## TASK DETAILS
If a line in the data below contains the word "formula", copy it out.

## EXERCISE INPUTS
########################################

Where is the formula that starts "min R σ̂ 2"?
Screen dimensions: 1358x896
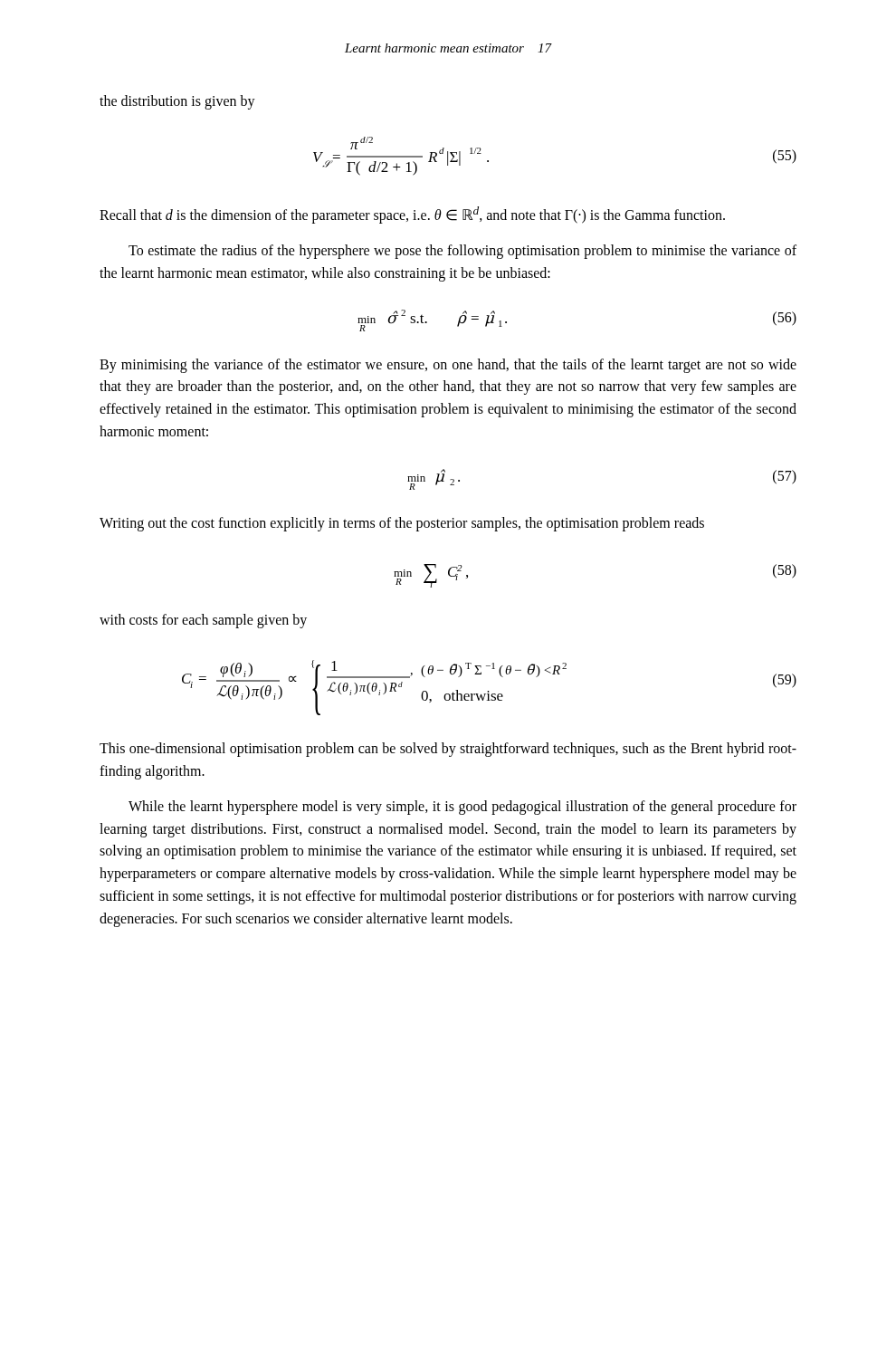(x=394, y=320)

########################################

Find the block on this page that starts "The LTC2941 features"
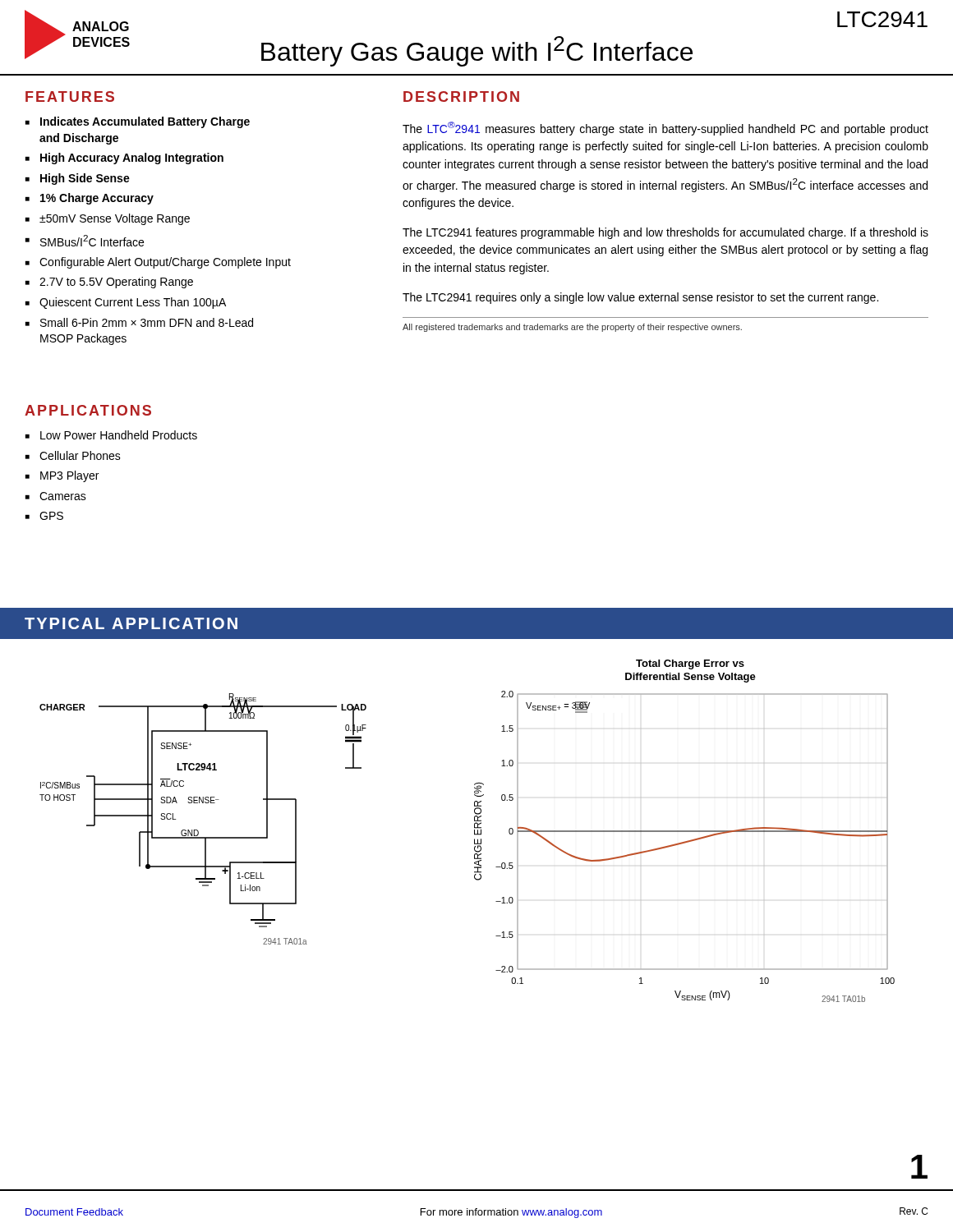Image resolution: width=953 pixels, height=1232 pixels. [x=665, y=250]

########################################

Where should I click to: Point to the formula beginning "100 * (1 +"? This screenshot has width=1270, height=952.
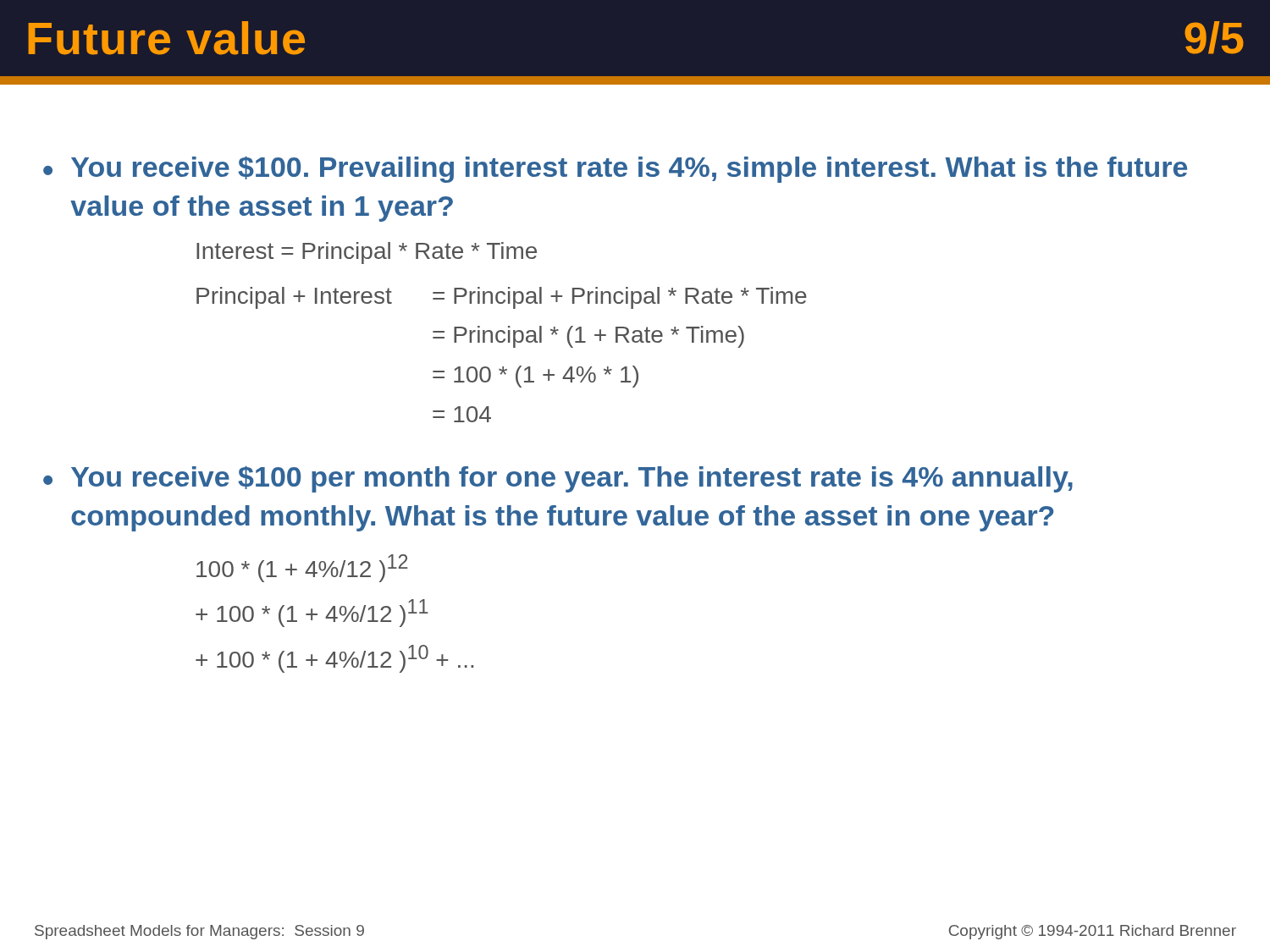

########################################

## WRITTEN REPLY
Where is the formula that starts "min R σ̂ 2"?
Where should I click to: Point to the formula beginning "100 * (1 +"? This screenshot has width=1270, height=952.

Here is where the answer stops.